Kino

Nach Aus in China: Tarantino will nicht noch einmal Hand an "Once Upon a Time..." anlegen

Am vergangenen Freitag hatten chinesische Behörden den ursprünglich für 25. Oktober genehmigten Start von "Once Upon a Time in...Hollywood" ohne Angabe von Gründen abgesagt. Regisseur Quentin Tarantino wird aber nicht Kleinbei geben und lehnt es ab, mit dem Film noch einmal in den Schneideraum zu gehen.

21.10.2019 14:30 • von Jochen Müller
Es wird wohl bei dem Aus für "Once Upon a Time in...Hollywood" in China bleiben (Bild: Sony Pictures)

Nachdem Regisseur Quentin Tarantino deutlich gemacht hat, mit "Once Upon a Time in Hollywood" nicht noch einmal in den Schneideraum gehen zu müssen, wird der Film nun endgültig nicht in China zu sehen sein. Das berichten US-Branchenblätter. Chinesische Behörden hatten die für einen Start des Films am 25. Oktober erteilte Genehmigung am vergangenen Freitag ohne Angaben von Gründen zurückgezogen (wir berichteten).
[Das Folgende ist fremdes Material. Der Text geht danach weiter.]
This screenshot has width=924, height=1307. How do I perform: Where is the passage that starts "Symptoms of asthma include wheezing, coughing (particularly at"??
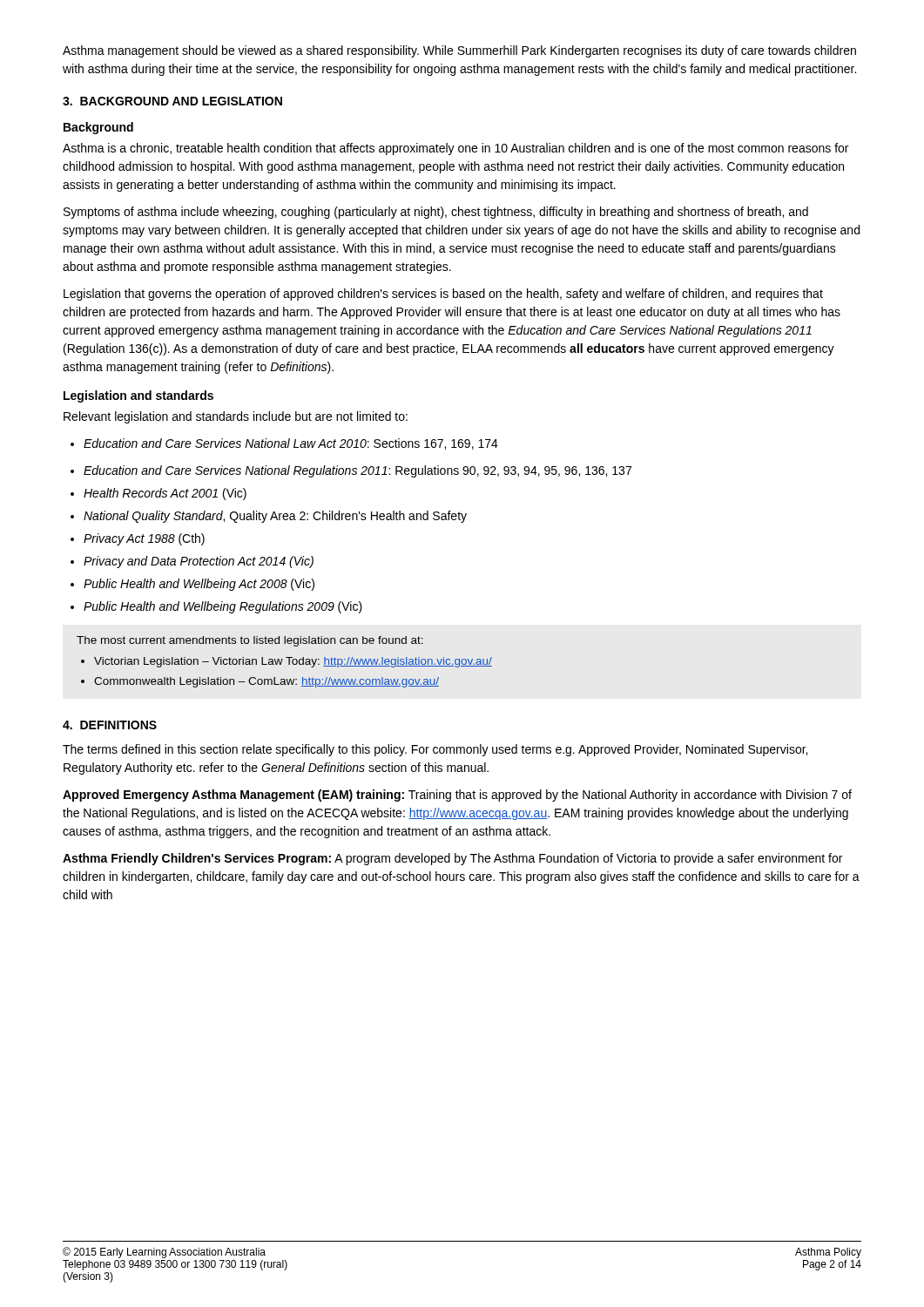point(462,240)
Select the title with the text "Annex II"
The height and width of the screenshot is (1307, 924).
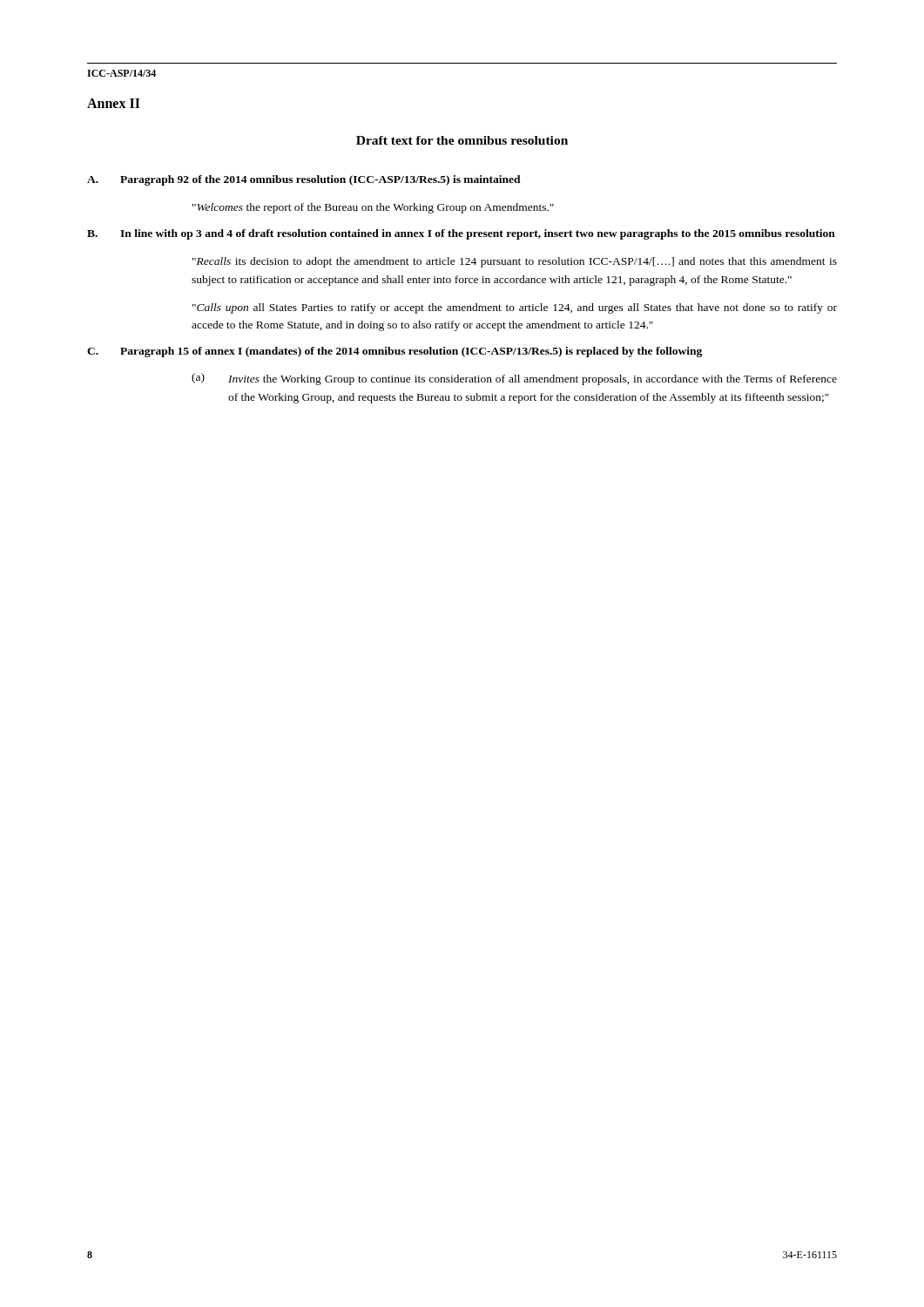tap(114, 103)
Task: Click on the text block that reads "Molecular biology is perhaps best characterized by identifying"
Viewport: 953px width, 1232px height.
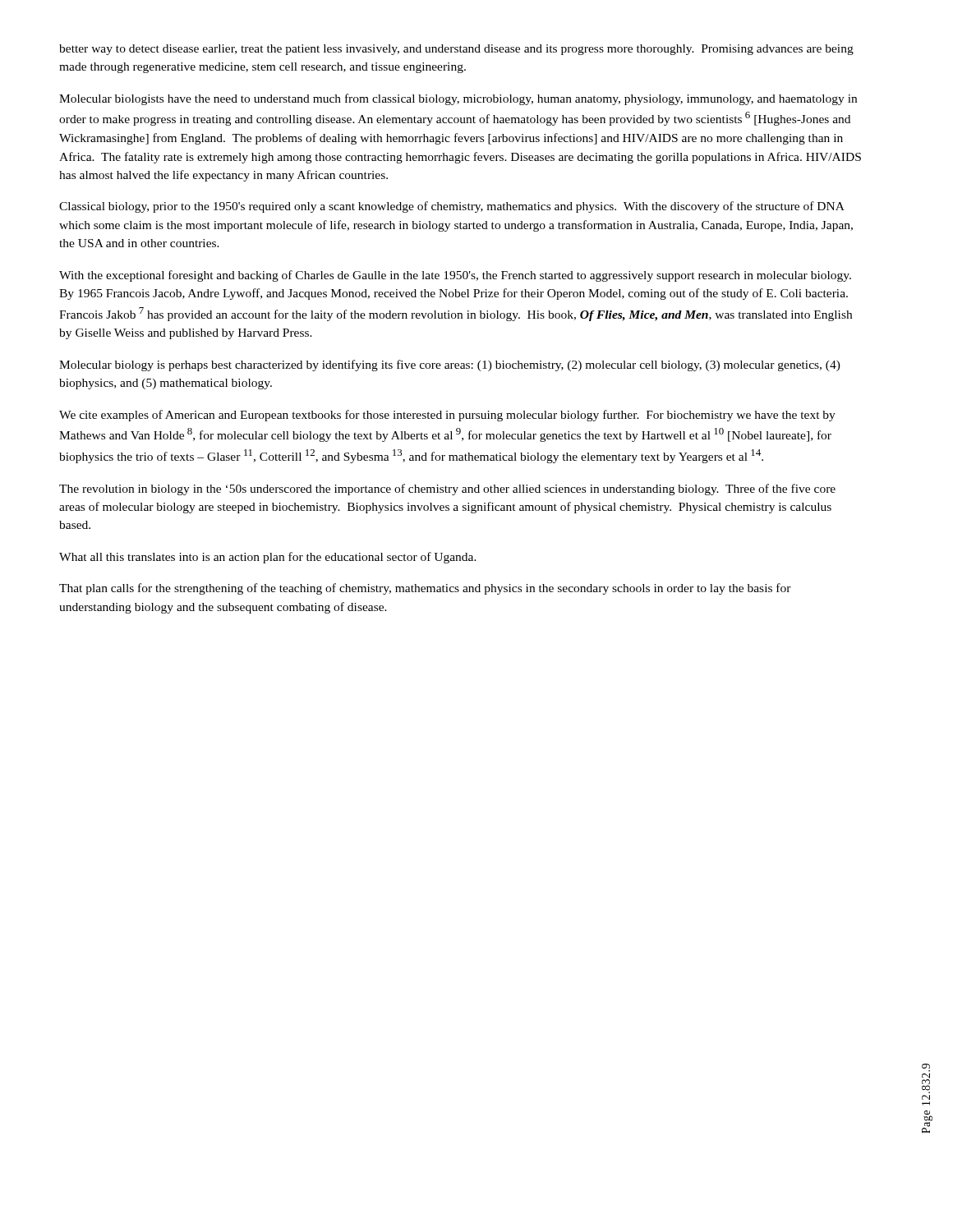Action: 450,373
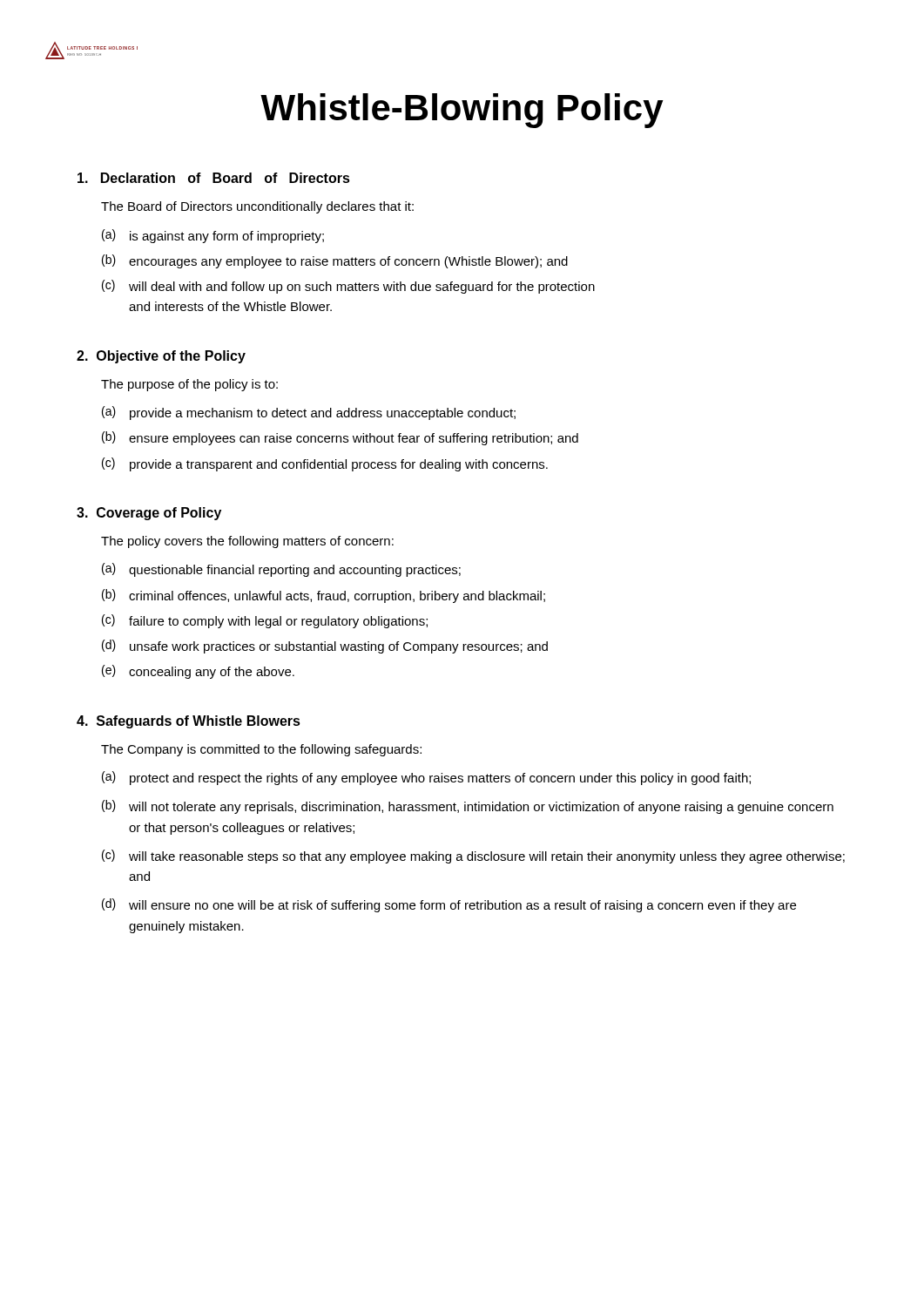The width and height of the screenshot is (924, 1307).
Task: Where is the passage that starts "(d) will ensure no one will be at"?
Action: 474,915
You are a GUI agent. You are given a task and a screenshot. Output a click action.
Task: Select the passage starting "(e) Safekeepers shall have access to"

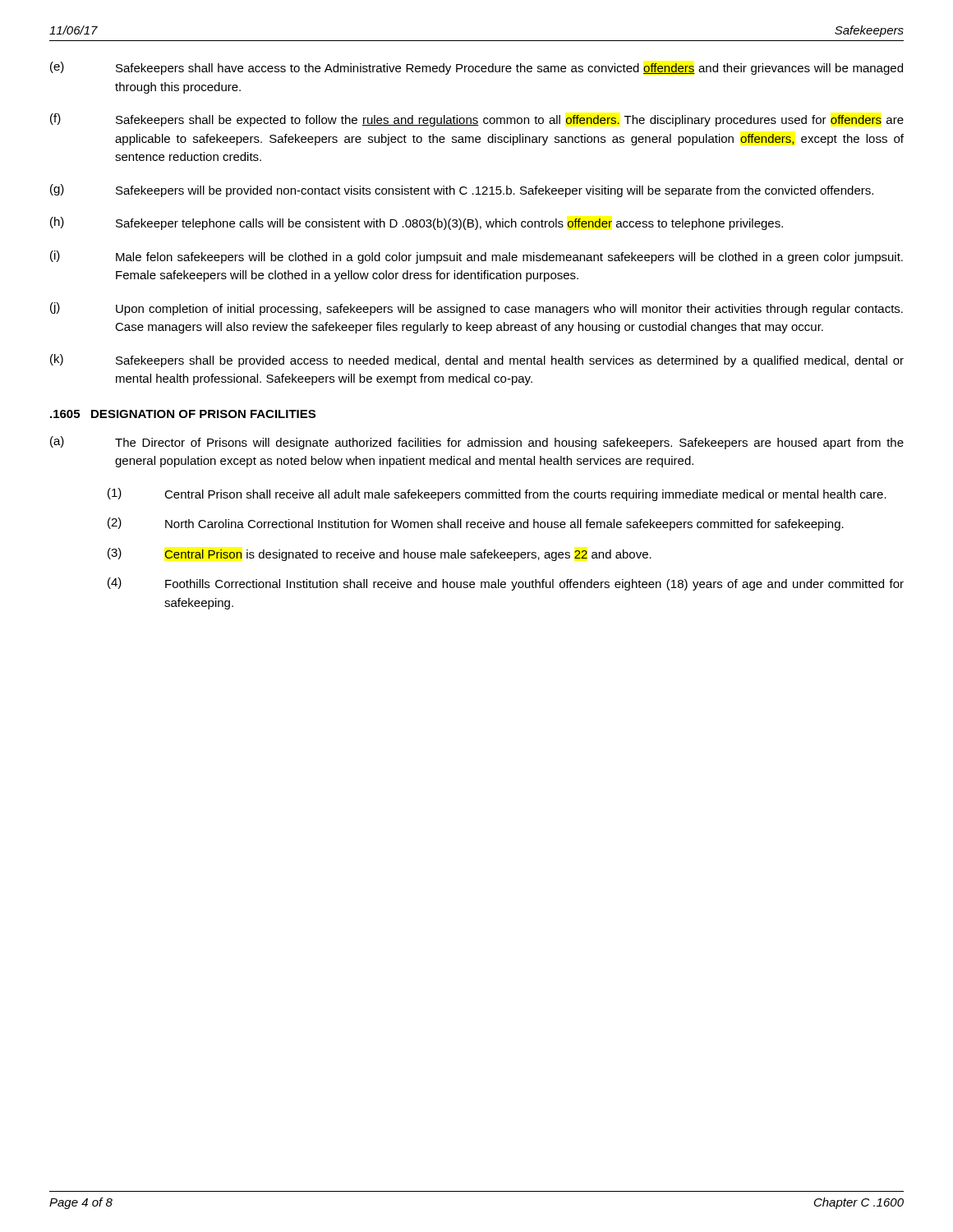tap(476, 78)
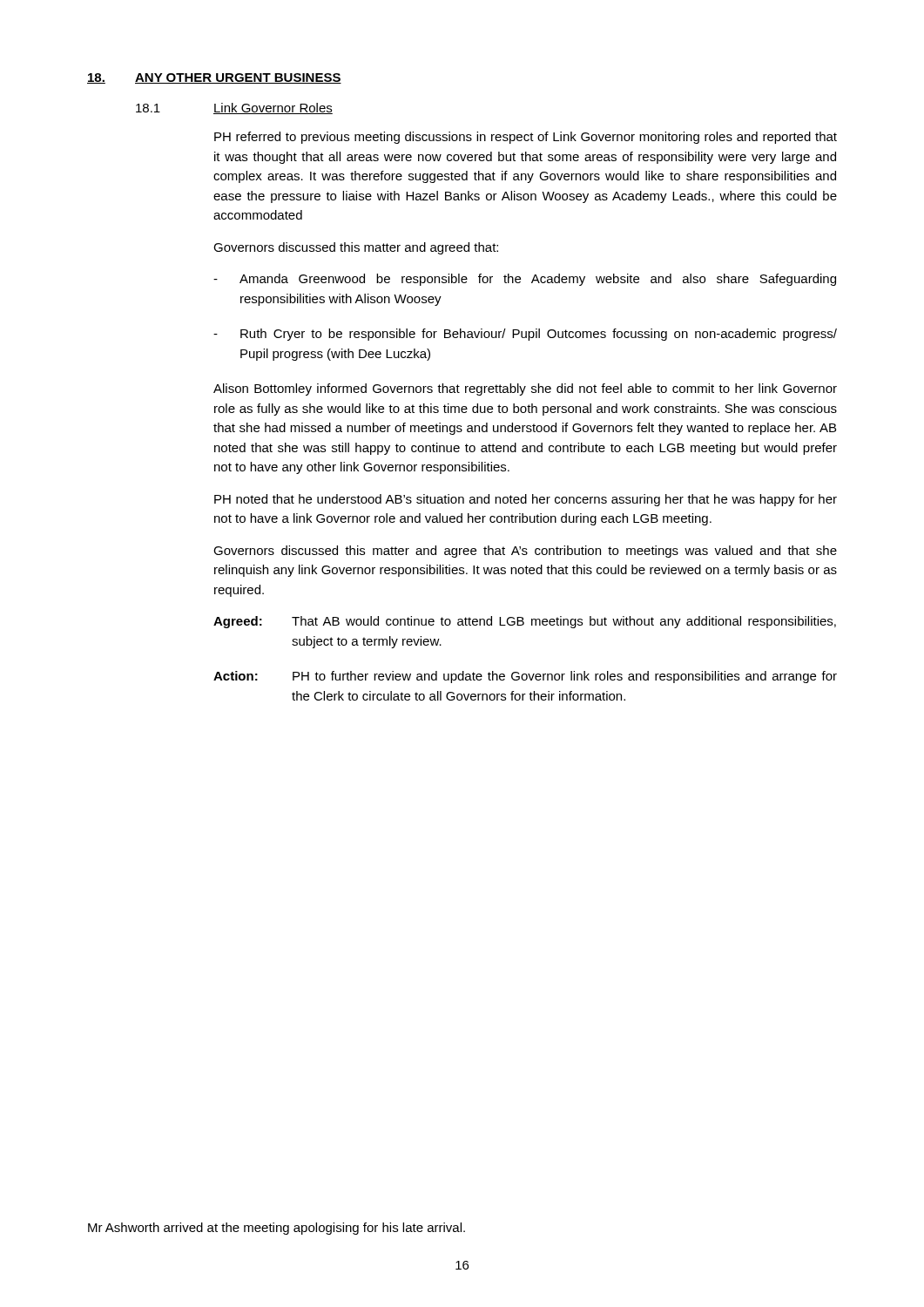
Task: Point to the text starting "Agreed: That AB"
Action: [525, 631]
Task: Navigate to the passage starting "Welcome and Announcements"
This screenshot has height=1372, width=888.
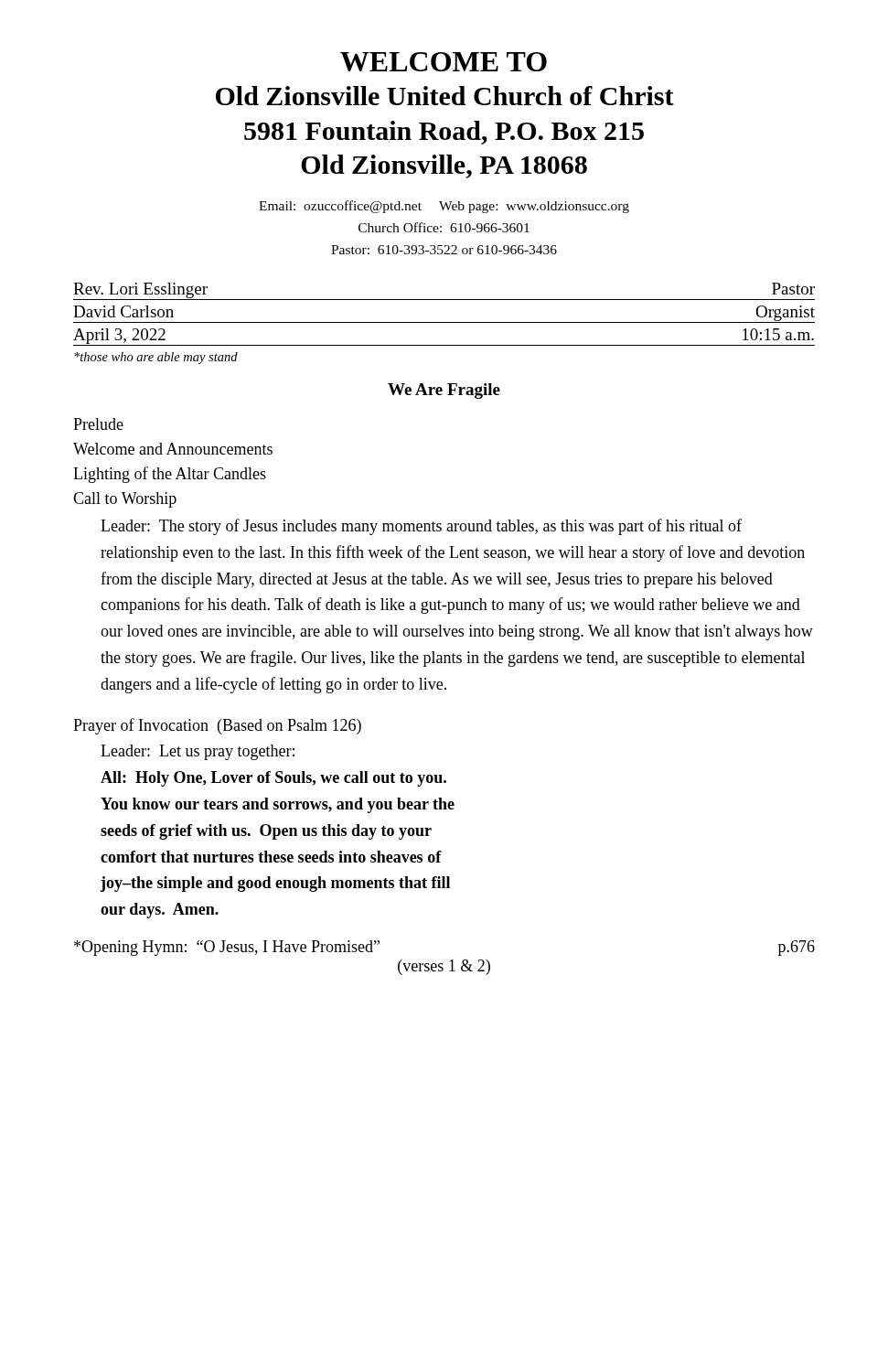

Es wird jedoch gemutmaßt, dass die Darstellung von Bruce Lee in dem Film den Ausschlag zu der Entscheidung der Behörden gegeben haben könnte. Freunde und Familie der 1973 verstorbenen Martial-Arts-Ikone hatten Tarantino für dessen Darstellung in dem Film kritisiert; Lees Tochter Shannon hatte sogar bei der nationalen chinesischen Filmbehörde darauf hingewirkt, auf eine Änderung der Darstellung ihres Vaters in dem Film, bei dem die chinesische Bona Film Group als Finanzier mit Umsatzbeteiligung an Bord ist, zu drängen.

In einer Pressekonferenz hatte Tarantino seinerzeit die Darstellung Lees in "Once Upon a Time im...Hollywood" verteidigt: "Bruce Lee war ein sehr arroganter Bursche. Bei der Art und Weise, wie er gesprochen hat, habe ich nicht viel dazu erfunden."